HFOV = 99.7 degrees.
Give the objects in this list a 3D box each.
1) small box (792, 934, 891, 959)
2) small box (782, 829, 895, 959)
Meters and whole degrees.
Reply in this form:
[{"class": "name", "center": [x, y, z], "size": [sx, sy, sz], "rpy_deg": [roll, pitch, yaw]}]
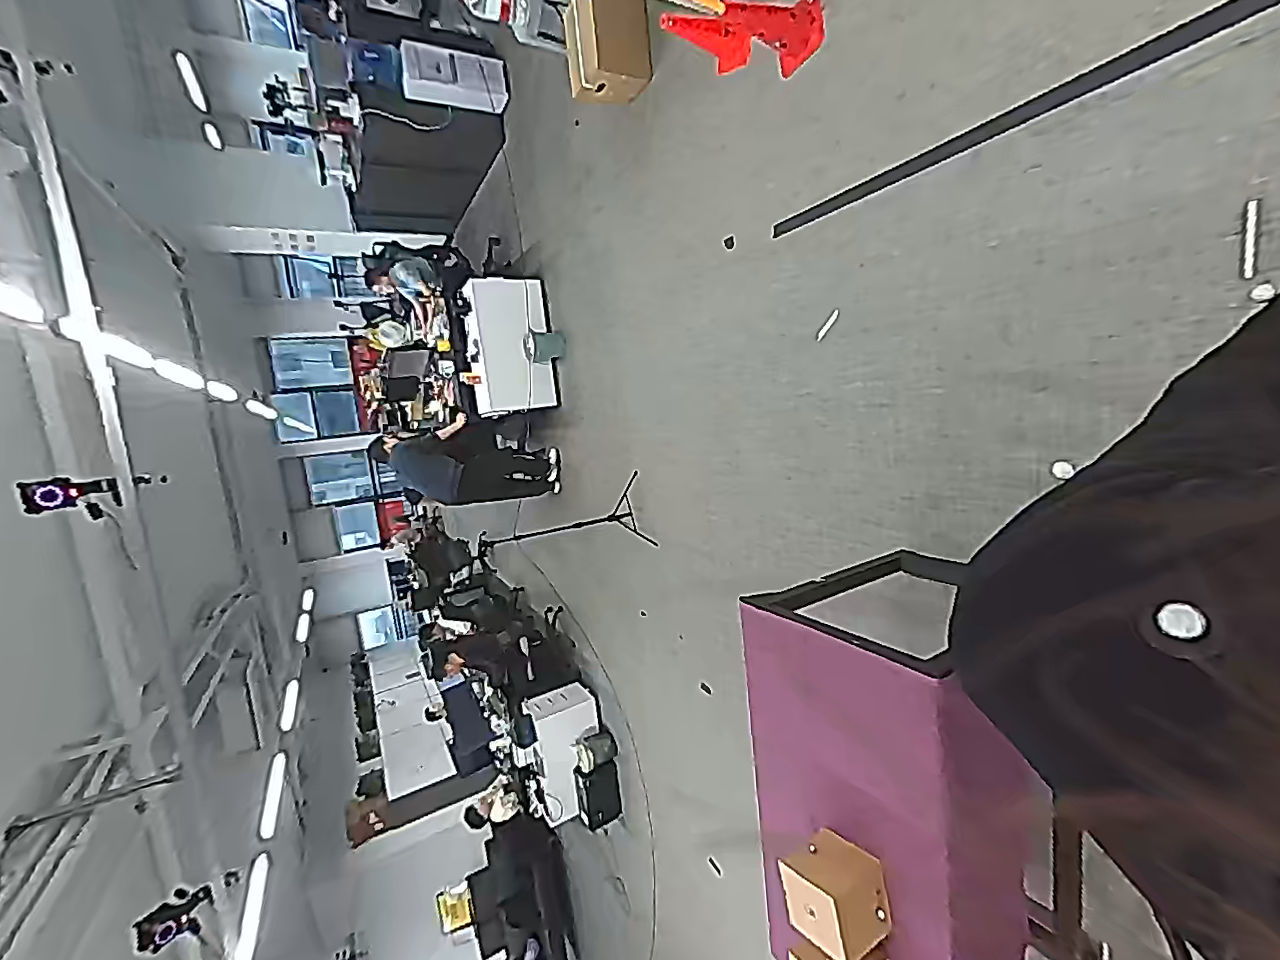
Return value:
[{"class": "small box", "center": [0.512, 1.239, 1.338], "size": [0.179, 0.176, 0.168], "rpy_deg": [-10, 91, 62]}, {"class": "small box", "center": [0.480, 0.990, 1.311], "size": [0.179, 0.176, 0.168], "rpy_deg": [-12, 90, 62]}]
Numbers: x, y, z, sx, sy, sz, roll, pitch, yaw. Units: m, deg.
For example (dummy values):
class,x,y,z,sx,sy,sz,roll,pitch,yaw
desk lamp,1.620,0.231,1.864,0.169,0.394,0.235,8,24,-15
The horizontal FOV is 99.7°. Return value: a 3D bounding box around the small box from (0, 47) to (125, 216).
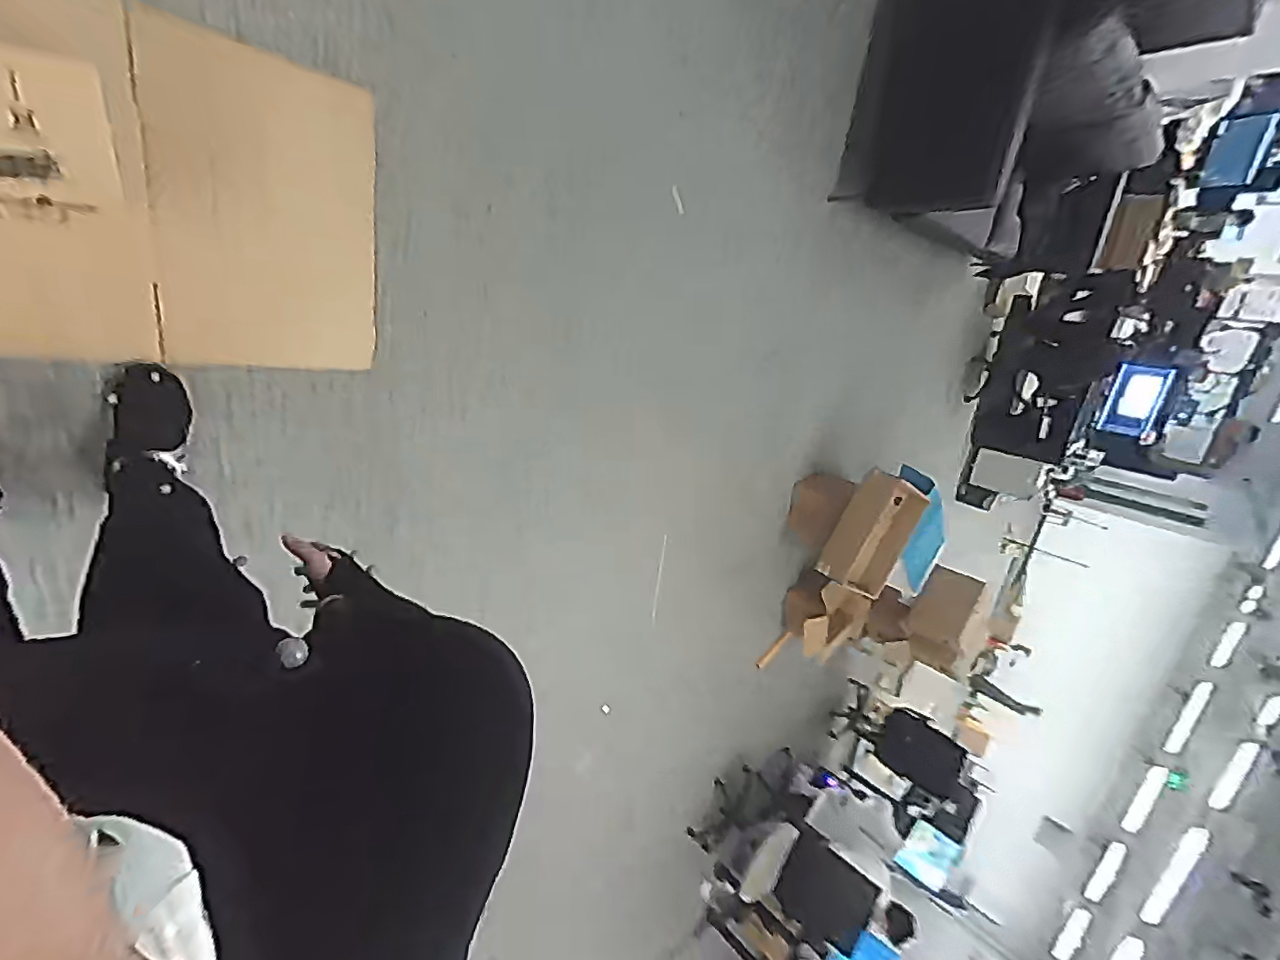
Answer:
========================================================================
Images stay out, but the rest of the records must be retyped exactly.

HFOV = 99.7 degrees.
Give the objects in this list a 3D box each.
1) small box (792, 934, 891, 959)
2) small box (782, 829, 895, 959)
Meters and whole degrees.
Reply in this form:
[{"class": "name", "center": [x, y, z], "size": [sx, sy, sz], "rpy_deg": [roll, pitch, yaw]}]
Return value:
[{"class": "small box", "center": [0.512, 1.239, 1.338], "size": [0.179, 0.176, 0.168], "rpy_deg": [-10, 91, 62]}, {"class": "small box", "center": [0.480, 0.990, 1.311], "size": [0.179, 0.176, 0.168], "rpy_deg": [-12, 90, 62]}]
Numbers: x, y, z, sx, sy, sz, roll, pitch, yaw. Units: m, deg.
For example (dummy values):
class,x,y,z,sx,sy,sz,roll,pitch,yaw
desk lamp,1.620,0.231,1.864,0.169,0.394,0.235,8,24,-15
The horizontal FOV is 99.7°. Return value: a 3D bounding box around the small box from (0, 47) to (125, 216).
Answer:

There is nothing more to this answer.